### Work instructions
The job is to find each line in the entries holding the string "butt" and copy that line.

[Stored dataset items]

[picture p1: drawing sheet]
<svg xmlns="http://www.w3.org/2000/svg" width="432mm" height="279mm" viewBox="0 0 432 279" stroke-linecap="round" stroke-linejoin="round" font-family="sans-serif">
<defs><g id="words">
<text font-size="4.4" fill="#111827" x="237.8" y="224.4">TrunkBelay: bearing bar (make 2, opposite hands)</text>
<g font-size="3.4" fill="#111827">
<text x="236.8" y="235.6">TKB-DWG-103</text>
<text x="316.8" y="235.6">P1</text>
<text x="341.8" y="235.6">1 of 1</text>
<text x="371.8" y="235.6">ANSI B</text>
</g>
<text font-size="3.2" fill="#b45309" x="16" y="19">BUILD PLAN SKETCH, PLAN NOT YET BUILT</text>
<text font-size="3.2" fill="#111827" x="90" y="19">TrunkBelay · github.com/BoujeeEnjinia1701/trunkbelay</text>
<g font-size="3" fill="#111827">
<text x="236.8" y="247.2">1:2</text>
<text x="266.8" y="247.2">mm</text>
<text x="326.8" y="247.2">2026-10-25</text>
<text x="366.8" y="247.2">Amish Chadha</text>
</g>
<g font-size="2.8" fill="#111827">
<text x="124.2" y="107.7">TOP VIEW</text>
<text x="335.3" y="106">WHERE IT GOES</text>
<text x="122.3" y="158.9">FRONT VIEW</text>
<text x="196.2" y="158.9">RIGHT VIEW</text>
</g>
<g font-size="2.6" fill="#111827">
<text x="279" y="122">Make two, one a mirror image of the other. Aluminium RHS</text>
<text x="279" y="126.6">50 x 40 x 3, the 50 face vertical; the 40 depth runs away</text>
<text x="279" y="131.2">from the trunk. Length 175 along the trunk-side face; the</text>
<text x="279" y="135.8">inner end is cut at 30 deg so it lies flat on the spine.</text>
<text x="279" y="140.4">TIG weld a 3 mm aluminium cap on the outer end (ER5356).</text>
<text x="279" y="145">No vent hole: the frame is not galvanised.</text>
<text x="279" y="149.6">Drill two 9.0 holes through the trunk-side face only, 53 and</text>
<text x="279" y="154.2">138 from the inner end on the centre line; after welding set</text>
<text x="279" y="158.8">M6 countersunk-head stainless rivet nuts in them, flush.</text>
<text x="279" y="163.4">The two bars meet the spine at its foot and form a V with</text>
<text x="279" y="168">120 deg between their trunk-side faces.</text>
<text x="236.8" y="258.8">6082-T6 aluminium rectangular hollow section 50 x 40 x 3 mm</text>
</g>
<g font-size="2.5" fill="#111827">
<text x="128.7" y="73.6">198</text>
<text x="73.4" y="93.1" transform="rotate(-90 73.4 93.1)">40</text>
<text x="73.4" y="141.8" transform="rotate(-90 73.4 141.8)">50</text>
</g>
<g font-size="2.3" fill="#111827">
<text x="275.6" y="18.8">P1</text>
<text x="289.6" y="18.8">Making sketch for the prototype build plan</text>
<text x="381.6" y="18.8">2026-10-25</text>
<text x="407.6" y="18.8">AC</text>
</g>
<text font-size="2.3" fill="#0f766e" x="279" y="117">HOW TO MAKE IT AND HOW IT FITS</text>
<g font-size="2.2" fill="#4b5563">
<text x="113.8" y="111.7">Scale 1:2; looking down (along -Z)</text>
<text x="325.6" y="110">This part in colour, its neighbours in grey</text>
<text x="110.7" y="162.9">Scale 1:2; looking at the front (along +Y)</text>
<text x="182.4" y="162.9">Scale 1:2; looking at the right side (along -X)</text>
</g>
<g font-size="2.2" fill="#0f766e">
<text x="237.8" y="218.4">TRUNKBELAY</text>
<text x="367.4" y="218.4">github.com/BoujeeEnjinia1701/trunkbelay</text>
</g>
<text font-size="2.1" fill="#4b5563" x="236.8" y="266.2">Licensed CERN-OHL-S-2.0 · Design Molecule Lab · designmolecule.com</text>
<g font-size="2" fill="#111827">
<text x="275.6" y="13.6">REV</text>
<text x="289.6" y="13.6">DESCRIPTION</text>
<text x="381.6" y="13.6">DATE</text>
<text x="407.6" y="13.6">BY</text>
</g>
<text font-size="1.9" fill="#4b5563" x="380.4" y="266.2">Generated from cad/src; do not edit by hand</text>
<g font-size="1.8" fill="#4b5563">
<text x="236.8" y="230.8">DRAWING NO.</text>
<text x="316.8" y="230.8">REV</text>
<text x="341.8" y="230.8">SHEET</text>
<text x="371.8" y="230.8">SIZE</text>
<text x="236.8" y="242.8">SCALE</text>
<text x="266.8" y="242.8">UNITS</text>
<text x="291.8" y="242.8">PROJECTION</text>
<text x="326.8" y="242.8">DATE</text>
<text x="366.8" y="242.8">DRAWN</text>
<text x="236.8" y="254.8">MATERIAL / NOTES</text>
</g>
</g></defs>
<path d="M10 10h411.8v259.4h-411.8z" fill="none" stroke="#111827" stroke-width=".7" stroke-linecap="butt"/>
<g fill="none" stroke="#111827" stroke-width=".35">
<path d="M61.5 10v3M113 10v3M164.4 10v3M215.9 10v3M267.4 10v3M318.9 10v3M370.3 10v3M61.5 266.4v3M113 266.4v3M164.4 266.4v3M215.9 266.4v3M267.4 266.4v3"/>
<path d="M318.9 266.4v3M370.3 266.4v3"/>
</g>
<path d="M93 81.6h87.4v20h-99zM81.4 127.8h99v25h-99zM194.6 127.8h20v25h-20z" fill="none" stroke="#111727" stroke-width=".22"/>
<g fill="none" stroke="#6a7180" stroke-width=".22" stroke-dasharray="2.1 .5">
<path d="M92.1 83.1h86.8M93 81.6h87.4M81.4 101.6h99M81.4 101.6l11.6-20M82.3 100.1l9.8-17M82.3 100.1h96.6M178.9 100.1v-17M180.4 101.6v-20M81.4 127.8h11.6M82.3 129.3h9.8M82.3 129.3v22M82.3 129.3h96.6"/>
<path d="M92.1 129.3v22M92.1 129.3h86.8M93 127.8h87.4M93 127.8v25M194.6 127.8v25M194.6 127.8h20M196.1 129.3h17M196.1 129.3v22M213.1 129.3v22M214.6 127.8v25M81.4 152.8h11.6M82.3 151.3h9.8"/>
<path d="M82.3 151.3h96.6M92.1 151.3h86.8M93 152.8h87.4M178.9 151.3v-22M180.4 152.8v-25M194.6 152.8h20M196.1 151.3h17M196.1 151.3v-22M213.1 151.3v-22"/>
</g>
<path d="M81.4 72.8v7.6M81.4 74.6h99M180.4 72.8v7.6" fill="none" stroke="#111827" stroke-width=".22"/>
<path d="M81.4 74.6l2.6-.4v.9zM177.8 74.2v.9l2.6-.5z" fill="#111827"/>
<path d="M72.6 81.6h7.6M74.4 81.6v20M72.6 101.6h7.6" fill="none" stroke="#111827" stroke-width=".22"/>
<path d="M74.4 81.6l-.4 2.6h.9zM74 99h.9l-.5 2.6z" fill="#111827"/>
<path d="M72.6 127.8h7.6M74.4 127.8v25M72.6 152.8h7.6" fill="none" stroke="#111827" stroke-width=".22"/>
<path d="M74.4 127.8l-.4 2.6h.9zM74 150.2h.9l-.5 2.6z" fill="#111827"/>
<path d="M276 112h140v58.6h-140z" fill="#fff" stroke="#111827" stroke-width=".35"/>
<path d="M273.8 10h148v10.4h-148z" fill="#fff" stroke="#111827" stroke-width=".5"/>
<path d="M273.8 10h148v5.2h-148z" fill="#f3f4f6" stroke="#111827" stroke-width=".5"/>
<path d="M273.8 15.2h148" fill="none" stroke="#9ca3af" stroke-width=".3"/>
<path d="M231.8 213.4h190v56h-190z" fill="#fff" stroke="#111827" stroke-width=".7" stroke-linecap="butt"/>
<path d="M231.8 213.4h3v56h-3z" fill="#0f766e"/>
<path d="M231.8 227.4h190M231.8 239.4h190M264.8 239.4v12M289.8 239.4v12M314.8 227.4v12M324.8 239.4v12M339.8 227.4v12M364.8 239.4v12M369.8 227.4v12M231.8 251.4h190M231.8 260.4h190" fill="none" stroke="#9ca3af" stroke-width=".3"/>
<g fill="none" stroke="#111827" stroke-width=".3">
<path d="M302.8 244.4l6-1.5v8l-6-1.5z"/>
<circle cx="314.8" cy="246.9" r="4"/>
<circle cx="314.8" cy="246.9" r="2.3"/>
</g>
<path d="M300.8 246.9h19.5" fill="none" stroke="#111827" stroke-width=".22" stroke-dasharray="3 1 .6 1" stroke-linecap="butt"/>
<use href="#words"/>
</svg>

### Exercise solution
<path d="M10 10h411.8v259.4h-411.8z" fill="none" stroke="#111827" stroke-width=".7" stroke-linecap="butt"/>
<path d="M231.8 213.4h190v56h-190z" fill="#fff" stroke="#111827" stroke-width=".7" stroke-linecap="butt"/>
<path d="M300.8 246.9h19.5" fill="none" stroke="#111827" stroke-width=".22" stroke-dasharray="3 1 .6 1" stroke-linecap="butt"/>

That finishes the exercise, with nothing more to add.